Among 243 French-Canadian carriers of the LDLR p.Trp87Gly pathogenic variant, whole-exome sequencing identified a stop-gain mutation in IL34 (rs4985556, p.Tyr213*) as the strongest genomic signal separating individuals who survived beyond age 70 without cardiovascular events from those who suffered premature events. The variant appeared in 25% of event-free survivors versus 0% of premature-event cases, yielding a striking odds ratio of 20.9 — though with a wide confidence interval (2.7–2841.7) reflecting the small comparative cohort of just 55 individuals.
This finding matters because IL34 is a cytokine ligand for CSF1R, the macrophage colony-stimulating factor receptor, positioning it as a plausible regulator of foam-cell formation and atherosclerotic plaque development — a biologically coherent mechanism for cardiovascular resilience even under lifelong LDL elevation. The discovery echoes the broader "resilience genomics" paradigm, where studying outlier survivors can reveal protective biology missed by standard risk-factor research.
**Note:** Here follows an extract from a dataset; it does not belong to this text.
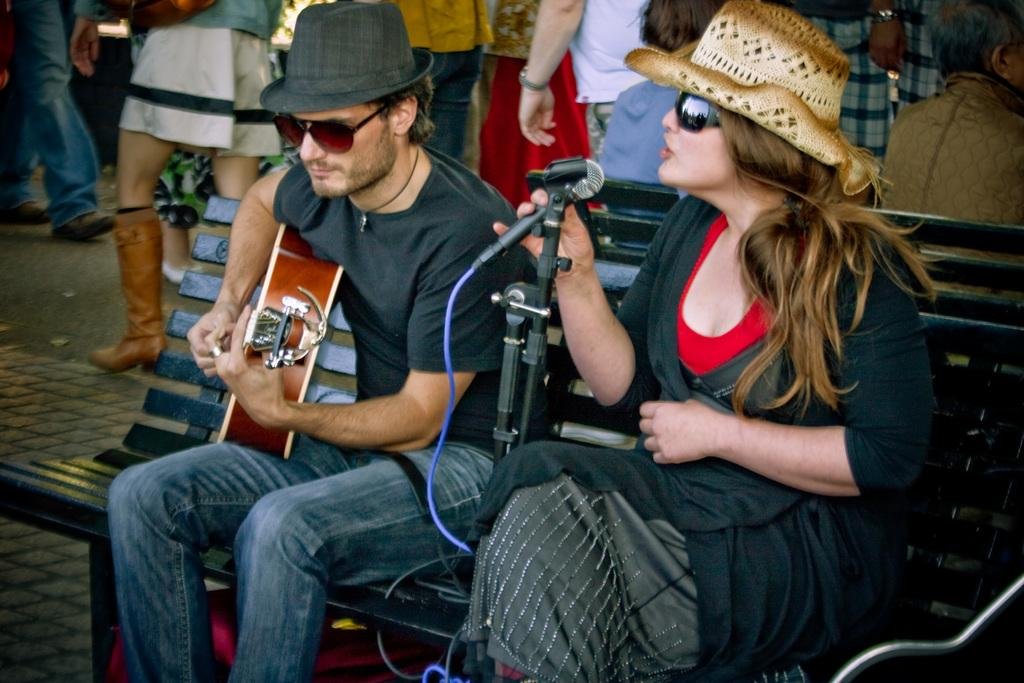What is the woman doing in the image? The woman is sitting on a bench and singing with a mic in her hand. What is the man doing beside the woman? The man is playing a guitar. Can you describe the man's appearance? The man is wearing a hat and goggles. Are there any other people in the image? Yes, there are people behind the woman and the man. What time is it according to the hour displayed on the woman's wrist? There is no hour displayed on the woman's wrist in the image. How many rings is the man wearing on his fingers? There is no mention of rings in the image, and the man's fingers are not visible. What type of chalk is the woman using to write on the ground? There is no chalk present in the image, and the woman is not writing on the ground.

However, significant caution is warranted. The sample is tiny, and the confidence interval's upper bound exceeds 2,800 — a statistical artifact of extreme separation in sparse data. The founder-population design, while genetically powerful, limits generalizability to other FH populations. Replication in independent cohorts is essential before any clinical translation is considered. Eleven additional variants also require mechanistic validation. Critically, this is a preprint posted on medRxiv and has not yet undergone peer review, meaning findings and effect estimates may change substantially. Treat this as hypothesis-generating, not practice-changing.